Jesus calls Simon and Andrew, and they drop what they are doing and follow him. Sometimes it’s that simple: you hear a voice, feel a tug on your heart, you turn around and follow. And sometimes it is a lifelong struggle to follow and be faithful, a quiet, steady faithfulness that expresses itself in modest, almost invisible, ways.

God calls us, and the journey of faith begins when deep in our hearts we say yes.

God did not give up on Jonah and abandon him to his flight from responsibility, his trying to hide from God. God follows Jonah across the ocean, into the depths, into the deep darkness. God summons again and again.

“Where can I flee from your presence?” the Psalmist asked.

If I ascend to heaven, you are there.
If I make by bed in She’ol, you are there.
If I take the wings of the morning
and settle at the farthest limits of the sea,
even there your hand shall lead me,
and your right hand hold me fast.

That is a very different image of God from the popular, prevailing picture of God as judge, primarily concerned with who’s keeping the rules and who is not. This is a God who cares so deeply none of us is ever abandoned, given up on, no matter where we go, what we have done, and where we have fled. There is nowhere we can go that God will not patiently, lovingly follow and be a comforting, reassuring, encouraging, and sometimes challenging presence.

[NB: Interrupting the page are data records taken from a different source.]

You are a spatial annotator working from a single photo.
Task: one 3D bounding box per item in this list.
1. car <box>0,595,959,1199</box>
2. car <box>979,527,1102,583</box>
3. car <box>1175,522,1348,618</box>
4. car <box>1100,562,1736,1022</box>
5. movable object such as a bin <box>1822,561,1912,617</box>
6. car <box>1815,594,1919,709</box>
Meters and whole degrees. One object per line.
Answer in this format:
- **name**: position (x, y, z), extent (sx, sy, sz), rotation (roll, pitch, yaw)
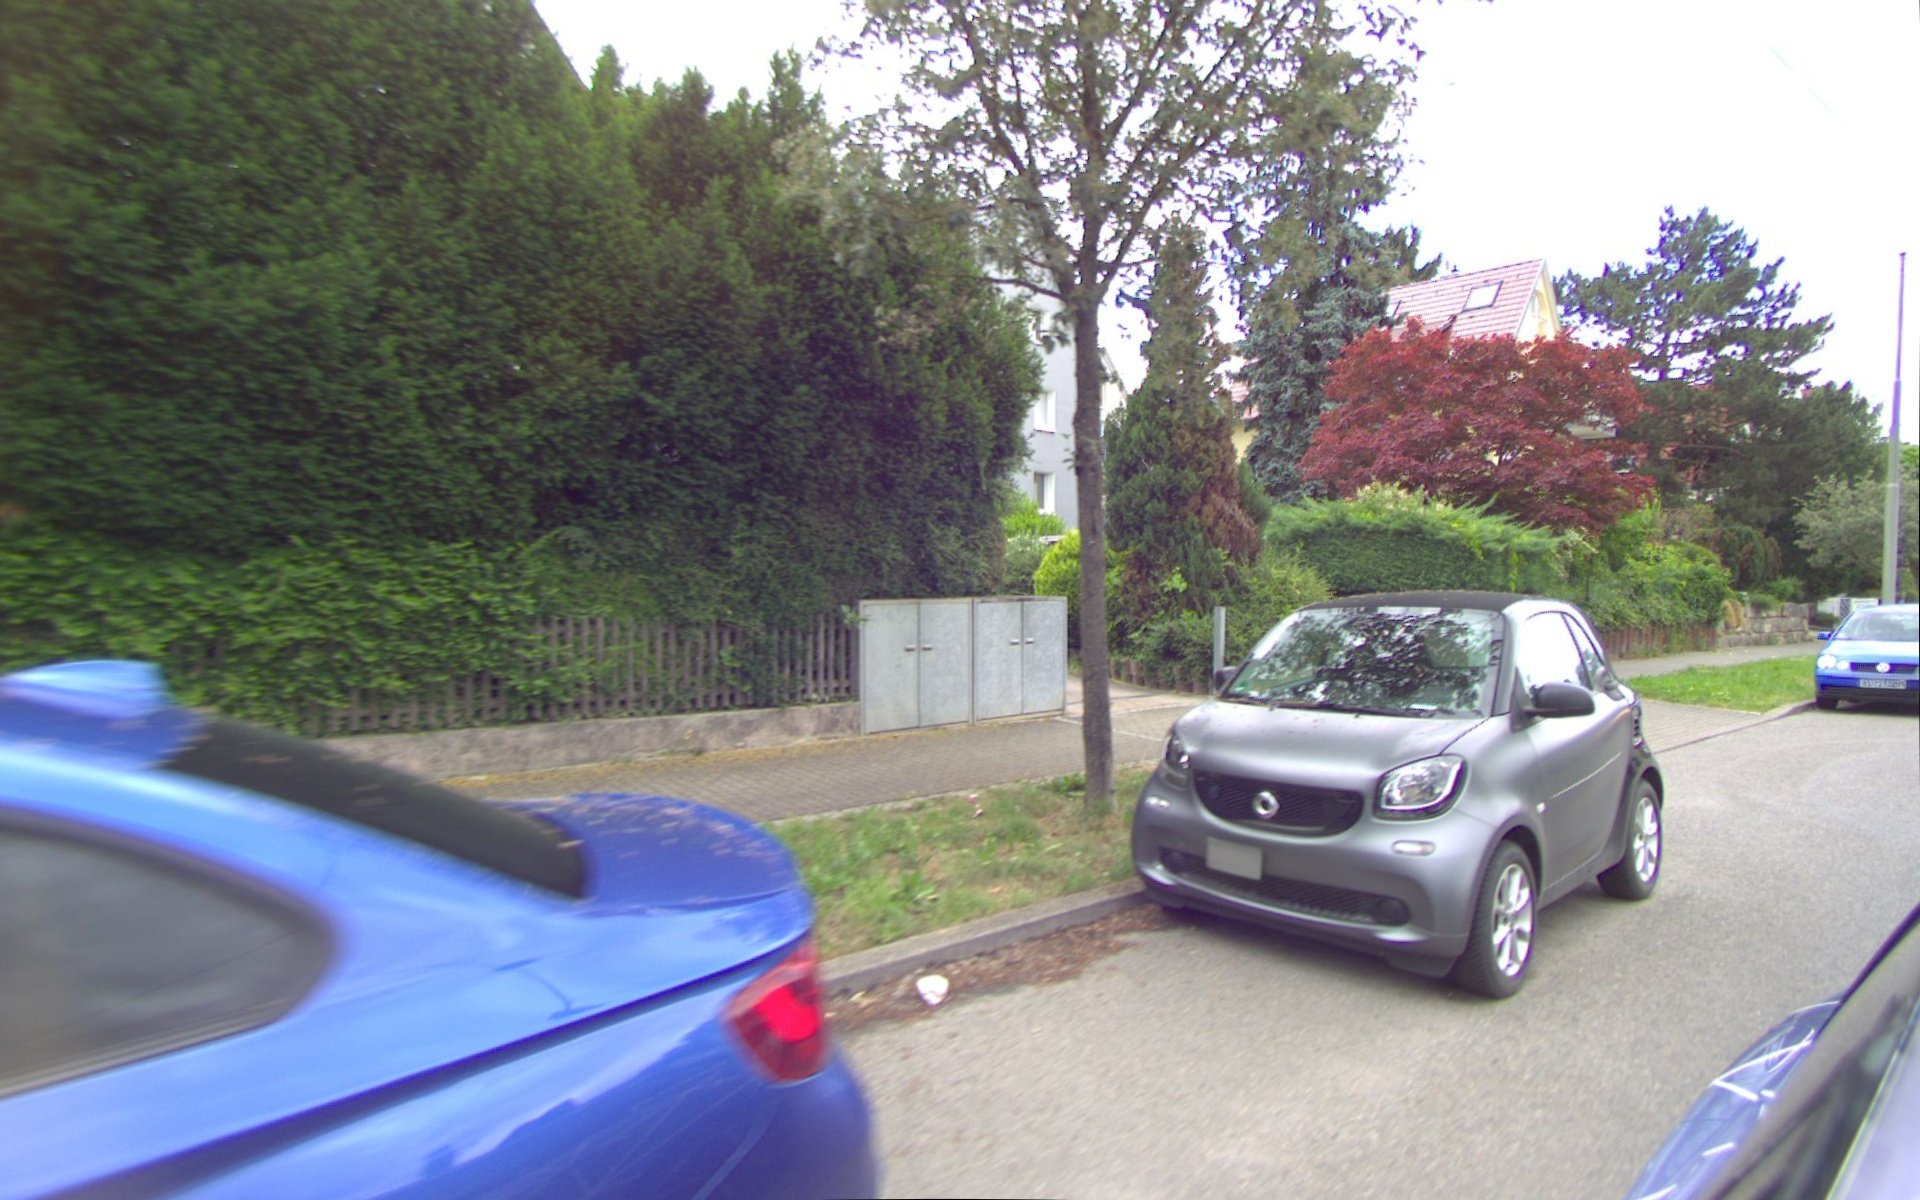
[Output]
- **car**: position (-2.157, 0.727, 0.932), extent (4.264, 1.451, 1.699), rotation (0, 0, -41)
- **car**: position (2.326, -1.323, 28.671), extent (1.426, 1.365, 3.794), rotation (4, 8, 43)
- **car**: position (6.907, -0.776, 22.938), extent (4.467, 1.697, 1.780), rotation (-8, 10, -43)
- **car**: position (2.665, 0.649, 5.426), extent (3.888, 1.577, 1.697), rotation (0, 0, -42)
- **movable object such as a bin**: position (33.716, -0.399, 37.633), extent (1.319, 2.039, 2.315), rotation (0, 0, -39)
- **car**: position (13.712, 0.659, 14.419), extent (3.806, 1.470, 1.630), rotation (0, 0, -39)

Eugene Kennedy, former Catholic priest and emeritus professor of philosophy at Loyola, wrote a piece for the Perspective section in last Sunday’s Tribune. He reflected on the Vatican’s recent announcement that limbo has been downgraded as church doctrine. Limbo, the church taught for centuries, is where unbaptized babies go when they die—not heaven, but not hell either. A place for waiting.

Kennedy says limbo, even if it is no longer an official church doctrine, has significant metaphoric and spiritual meaning, that anybody who has ever waited, or felt abandoned, or alone knows what limbo is. “We have all been to limbo spiritually,” Kennedy wrote. “We are there right now in one way or another. . . . Every man or woman who has waited in one of the many limbos of life”—waiting for test results, waiting for a letter, a call, waiting for a promotion, waiting for the children to grow up and the dog to die, waiting for meaning and excitement and passion, waiting for life to happen. Kennedy writes, “Limbo is in hospitals . . . where anxious people wait for the birth of a child or the death of a loved one. . . . Every one knows what limbo is.”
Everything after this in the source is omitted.